- **Exercise directions**
Although the entries contain pictures, only their words should be duplicated exactly.

··· Given records

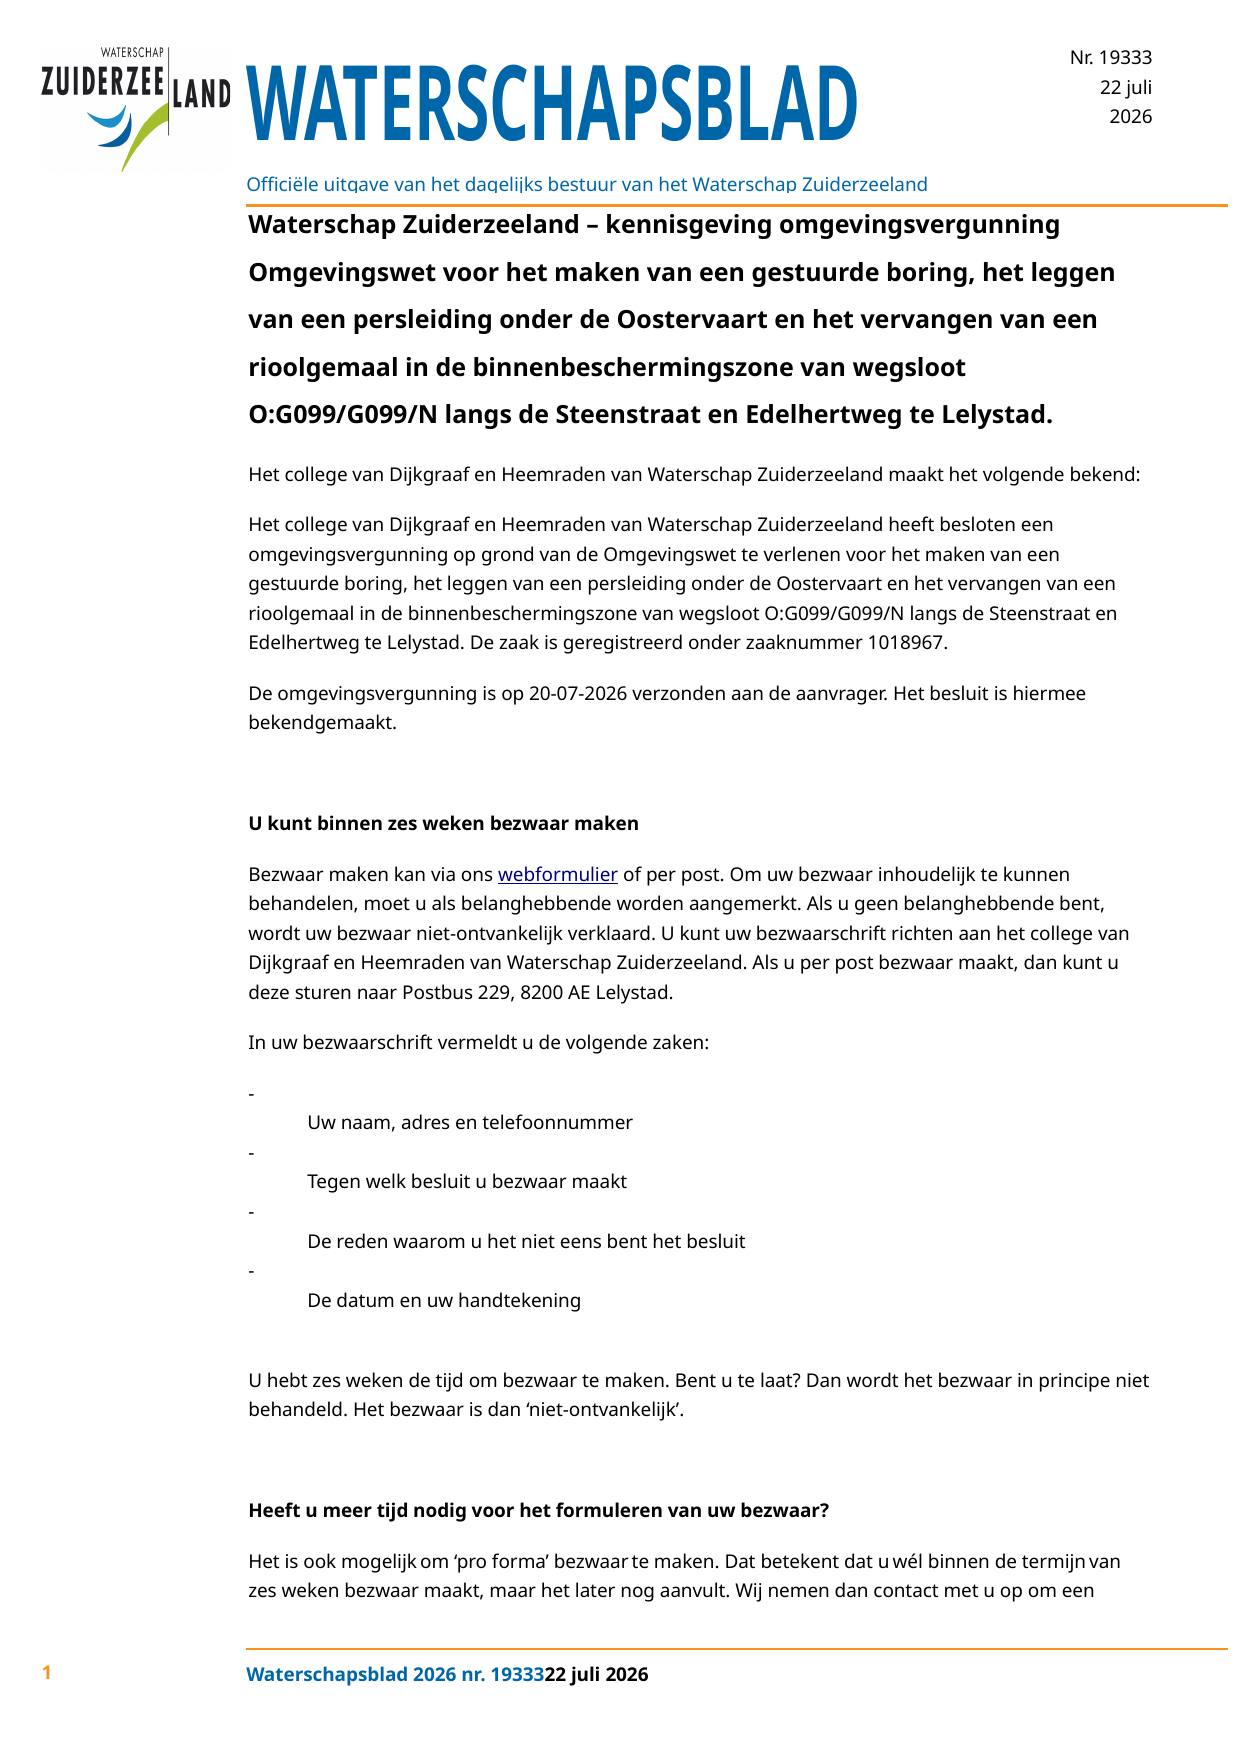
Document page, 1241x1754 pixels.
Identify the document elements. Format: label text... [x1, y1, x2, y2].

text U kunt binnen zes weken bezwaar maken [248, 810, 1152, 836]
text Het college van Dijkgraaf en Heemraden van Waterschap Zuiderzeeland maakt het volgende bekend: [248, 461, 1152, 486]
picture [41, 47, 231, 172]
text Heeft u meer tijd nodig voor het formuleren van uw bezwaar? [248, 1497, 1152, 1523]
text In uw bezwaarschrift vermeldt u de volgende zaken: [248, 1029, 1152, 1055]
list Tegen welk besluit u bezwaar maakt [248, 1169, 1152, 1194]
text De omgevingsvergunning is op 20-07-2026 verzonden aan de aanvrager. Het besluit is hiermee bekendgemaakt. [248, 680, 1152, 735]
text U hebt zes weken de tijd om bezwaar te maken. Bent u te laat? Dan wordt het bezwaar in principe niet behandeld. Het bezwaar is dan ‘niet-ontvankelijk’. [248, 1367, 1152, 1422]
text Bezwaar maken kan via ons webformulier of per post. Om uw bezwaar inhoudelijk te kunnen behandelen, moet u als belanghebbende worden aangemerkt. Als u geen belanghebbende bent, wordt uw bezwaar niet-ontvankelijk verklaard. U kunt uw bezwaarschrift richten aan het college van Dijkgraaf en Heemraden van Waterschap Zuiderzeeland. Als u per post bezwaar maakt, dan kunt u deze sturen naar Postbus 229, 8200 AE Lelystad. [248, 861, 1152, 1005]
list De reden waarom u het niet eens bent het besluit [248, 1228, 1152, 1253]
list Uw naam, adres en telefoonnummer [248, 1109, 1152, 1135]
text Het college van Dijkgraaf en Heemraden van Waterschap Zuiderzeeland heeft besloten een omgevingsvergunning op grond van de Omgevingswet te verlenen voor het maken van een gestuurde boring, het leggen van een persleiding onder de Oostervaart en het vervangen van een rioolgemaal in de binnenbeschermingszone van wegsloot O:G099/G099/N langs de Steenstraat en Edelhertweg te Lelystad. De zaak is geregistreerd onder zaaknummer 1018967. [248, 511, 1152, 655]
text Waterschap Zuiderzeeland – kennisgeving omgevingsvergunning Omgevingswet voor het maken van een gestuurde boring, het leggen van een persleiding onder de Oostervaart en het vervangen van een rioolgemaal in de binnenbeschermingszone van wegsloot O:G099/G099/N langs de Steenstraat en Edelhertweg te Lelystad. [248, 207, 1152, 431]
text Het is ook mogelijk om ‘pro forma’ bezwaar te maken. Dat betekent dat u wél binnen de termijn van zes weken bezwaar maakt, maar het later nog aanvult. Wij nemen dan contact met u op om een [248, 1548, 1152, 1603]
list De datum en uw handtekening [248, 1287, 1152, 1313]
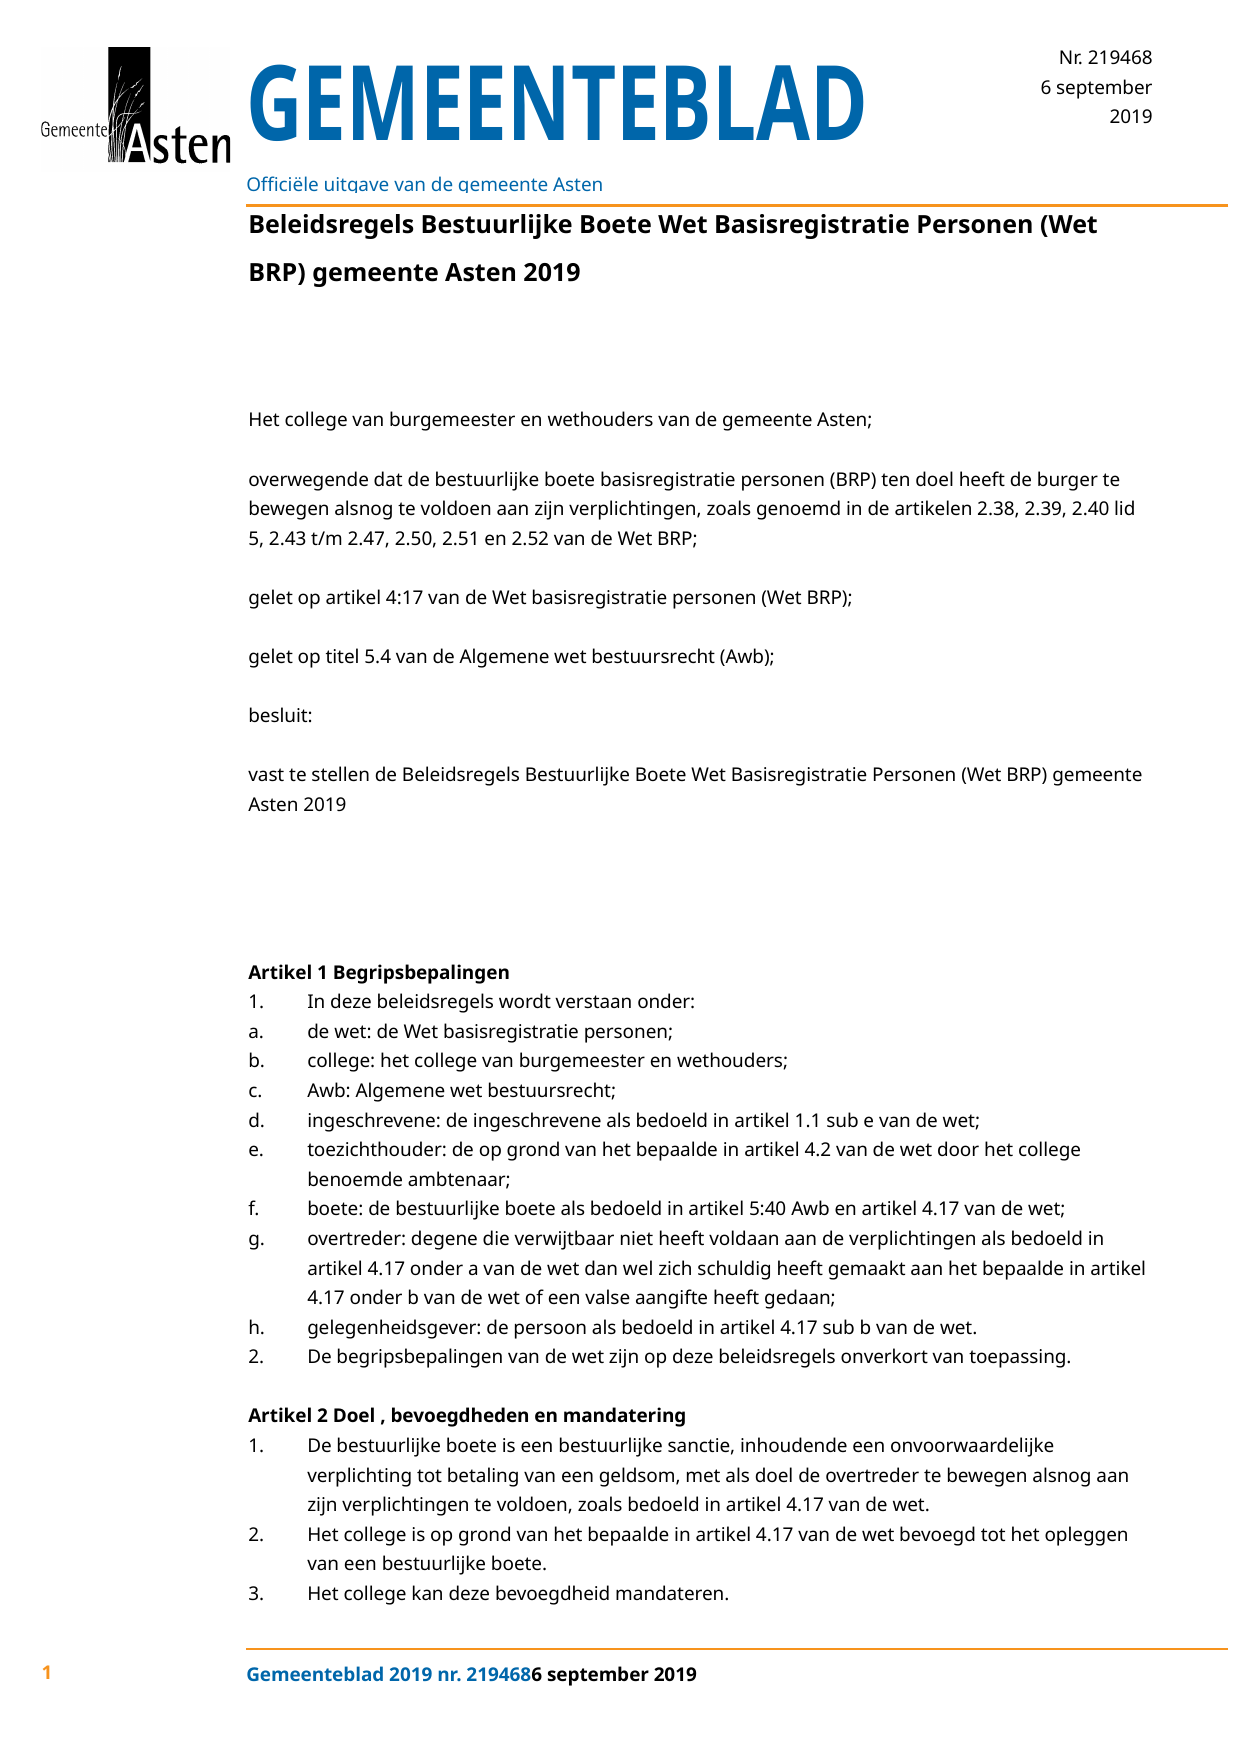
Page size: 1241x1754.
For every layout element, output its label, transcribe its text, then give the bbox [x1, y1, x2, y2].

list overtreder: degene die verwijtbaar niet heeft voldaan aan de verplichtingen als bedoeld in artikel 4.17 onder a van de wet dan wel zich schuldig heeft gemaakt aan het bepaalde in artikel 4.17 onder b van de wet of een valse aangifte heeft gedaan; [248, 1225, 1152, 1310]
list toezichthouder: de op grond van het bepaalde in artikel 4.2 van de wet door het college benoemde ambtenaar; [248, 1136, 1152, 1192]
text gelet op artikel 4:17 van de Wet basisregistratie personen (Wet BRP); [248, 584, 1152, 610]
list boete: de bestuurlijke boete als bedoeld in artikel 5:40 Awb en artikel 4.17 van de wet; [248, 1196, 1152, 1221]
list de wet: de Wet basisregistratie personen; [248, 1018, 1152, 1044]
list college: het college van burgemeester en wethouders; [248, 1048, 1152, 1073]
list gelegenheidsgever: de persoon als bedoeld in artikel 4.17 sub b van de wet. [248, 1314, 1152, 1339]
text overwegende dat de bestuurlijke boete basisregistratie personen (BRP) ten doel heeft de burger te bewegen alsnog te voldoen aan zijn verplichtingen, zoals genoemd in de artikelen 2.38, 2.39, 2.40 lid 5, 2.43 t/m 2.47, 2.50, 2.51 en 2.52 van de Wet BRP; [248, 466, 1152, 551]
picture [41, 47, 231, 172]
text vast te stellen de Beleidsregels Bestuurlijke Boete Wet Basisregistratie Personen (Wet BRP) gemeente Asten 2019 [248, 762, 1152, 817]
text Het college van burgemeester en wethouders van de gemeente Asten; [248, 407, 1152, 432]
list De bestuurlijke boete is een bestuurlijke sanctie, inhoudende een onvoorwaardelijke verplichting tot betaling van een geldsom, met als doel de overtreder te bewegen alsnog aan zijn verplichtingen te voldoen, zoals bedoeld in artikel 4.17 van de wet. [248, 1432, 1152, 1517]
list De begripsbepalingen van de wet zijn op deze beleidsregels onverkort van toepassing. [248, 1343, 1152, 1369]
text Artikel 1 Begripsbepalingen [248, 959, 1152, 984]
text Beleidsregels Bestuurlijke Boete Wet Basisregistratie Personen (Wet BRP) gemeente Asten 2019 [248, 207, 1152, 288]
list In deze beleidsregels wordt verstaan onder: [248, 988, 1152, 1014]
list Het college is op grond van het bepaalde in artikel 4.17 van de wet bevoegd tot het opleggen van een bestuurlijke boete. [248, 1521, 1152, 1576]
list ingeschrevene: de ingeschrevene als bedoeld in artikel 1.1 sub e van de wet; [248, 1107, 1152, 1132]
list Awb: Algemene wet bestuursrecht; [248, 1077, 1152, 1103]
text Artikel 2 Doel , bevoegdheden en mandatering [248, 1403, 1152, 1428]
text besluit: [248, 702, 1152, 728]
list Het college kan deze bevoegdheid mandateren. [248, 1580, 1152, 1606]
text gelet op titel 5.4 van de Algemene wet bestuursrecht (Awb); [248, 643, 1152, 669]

······

- **Written response**
Document page, 1241x1754 pixels.
Identify the document elements. Format: label text... [x1, y1, x2, y2].

text U kunt binnen zes weken bezwaar maken [248, 810, 1152, 836]
text Het college van Dijkgraaf en Heemraden van Waterschap Zuiderzeeland maakt het volgende bekend: [248, 461, 1152, 486]
picture [41, 47, 231, 172]
text Heeft u meer tijd nodig voor het formuleren van uw bezwaar? [248, 1497, 1152, 1523]
text In uw bezwaarschrift vermeldt u de volgende zaken: [248, 1029, 1152, 1055]
list Tegen welk besluit u bezwaar maakt [248, 1169, 1152, 1194]
text De omgevingsvergunning is op 20-07-2026 verzonden aan de aanvrager. Het besluit is hiermee bekendgemaakt. [248, 680, 1152, 735]
text U hebt zes weken de tijd om bezwaar te maken. Bent u te laat? Dan wordt het bezwaar in principe niet behandeld. Het bezwaar is dan ‘niet-ontvankelijk’. [248, 1367, 1152, 1422]
text Bezwaar maken kan via ons webformulier of per post. Om uw bezwaar inhoudelijk te kunnen behandelen, moet u als belanghebbende worden aangemerkt. Als u geen belanghebbende bent, wordt uw bezwaar niet-ontvankelijk verklaard. U kunt uw bezwaarschrift richten aan het college van Dijkgraaf en Heemraden van Waterschap Zuiderzeeland. Als u per post bezwaar maakt, dan kunt u deze sturen naar Postbus 229, 8200 AE Lelystad. [248, 861, 1152, 1005]
list De reden waarom u het niet eens bent het besluit [248, 1228, 1152, 1253]
list Uw naam, adres en telefoonnummer [248, 1109, 1152, 1135]
text Het college van Dijkgraaf en Heemraden van Waterschap Zuiderzeeland heeft besloten een omgevingsvergunning op grond van de Omgevingswet te verlenen voor het maken van een gestuurde boring, het leggen van een persleiding onder de Oostervaart en het vervangen van een rioolgemaal in de binnenbeschermingszone van wegsloot O:G099/G099/N langs de Steenstraat en Edelhertweg te Lelystad. De zaak is geregistreerd onder zaaknummer 1018967. [248, 511, 1152, 655]
text Waterschap Zuiderzeeland – kennisgeving omgevingsvergunning Omgevingswet voor het maken van een gestuurde boring, het leggen van een persleiding onder de Oostervaart en het vervangen van een rioolgemaal in de binnenbeschermingszone van wegsloot O:G099/G099/N langs de Steenstraat en Edelhertweg te Lelystad. [248, 207, 1152, 431]
text Het is ook mogelijk om ‘pro forma’ bezwaar te maken. Dat betekent dat u wél binnen de termijn van zes weken bezwaar maakt, maar het later nog aanvult. Wij nemen dan contact met u op om een [248, 1548, 1152, 1603]
list De datum en uw handtekening [248, 1287, 1152, 1313]
Page size: 1241x1754.
For every layout element, output its label, transcribe its text, then give the bbox [x1, y1, x2, y2].

list overtreder: degene die verwijtbaar niet heeft voldaan aan de verplichtingen als bedoeld in artikel 4.17 onder a van de wet dan wel zich schuldig heeft gemaakt aan het bepaalde in artikel 4.17 onder b van de wet of een valse aangifte heeft gedaan; [248, 1225, 1152, 1310]
list toezichthouder: de op grond van het bepaalde in artikel 4.2 van de wet door het college benoemde ambtenaar; [248, 1136, 1152, 1192]
text gelet op artikel 4:17 van de Wet basisregistratie personen (Wet BRP); [248, 584, 1152, 610]
list boete: de bestuurlijke boete als bedoeld in artikel 5:40 Awb en artikel 4.17 van de wet; [248, 1196, 1152, 1221]
list de wet: de Wet basisregistratie personen; [248, 1018, 1152, 1044]
list college: het college van burgemeester en wethouders; [248, 1048, 1152, 1073]
list gelegenheidsgever: de persoon als bedoeld in artikel 4.17 sub b van de wet. [248, 1314, 1152, 1339]
text overwegende dat de bestuurlijke boete basisregistratie personen (BRP) ten doel heeft de burger te bewegen alsnog te voldoen aan zijn verplichtingen, zoals genoemd in de artikelen 2.38, 2.39, 2.40 lid 5, 2.43 t/m 2.47, 2.50, 2.51 en 2.52 van de Wet BRP; [248, 466, 1152, 551]
picture [41, 47, 231, 172]
text vast te stellen de Beleidsregels Bestuurlijke Boete Wet Basisregistratie Personen (Wet BRP) gemeente Asten 2019 [248, 762, 1152, 817]
text Het college van burgemeester en wethouders van de gemeente Asten; [248, 407, 1152, 432]
list De bestuurlijke boete is een bestuurlijke sanctie, inhoudende een onvoorwaardelijke verplichting tot betaling van een geldsom, met als doel de overtreder te bewegen alsnog aan zijn verplichtingen te voldoen, zoals bedoeld in artikel 4.17 van de wet. [248, 1432, 1152, 1517]
list De begripsbepalingen van de wet zijn op deze beleidsregels onverkort van toepassing. [248, 1343, 1152, 1369]
text Artikel 1 Begripsbepalingen [248, 959, 1152, 984]
text Beleidsregels Bestuurlijke Boete Wet Basisregistratie Personen (Wet BRP) gemeente Asten 2019 [248, 207, 1152, 288]
list In deze beleidsregels wordt verstaan onder: [248, 988, 1152, 1014]
list Het college is op grond van het bepaalde in artikel 4.17 van de wet bevoegd tot het opleggen van een bestuurlijke boete. [248, 1521, 1152, 1576]
list ingeschrevene: de ingeschrevene als bedoeld in artikel 1.1 sub e van de wet; [248, 1107, 1152, 1132]
list Awb: Algemene wet bestuursrecht; [248, 1077, 1152, 1103]
text Artikel 2 Doel , bevoegdheden en mandatering [248, 1403, 1152, 1428]
text besluit: [248, 702, 1152, 728]
list Het college kan deze bevoegdheid mandateren. [248, 1580, 1152, 1606]
text gelet op titel 5.4 van de Algemene wet bestuursrecht (Awb); [248, 643, 1152, 669]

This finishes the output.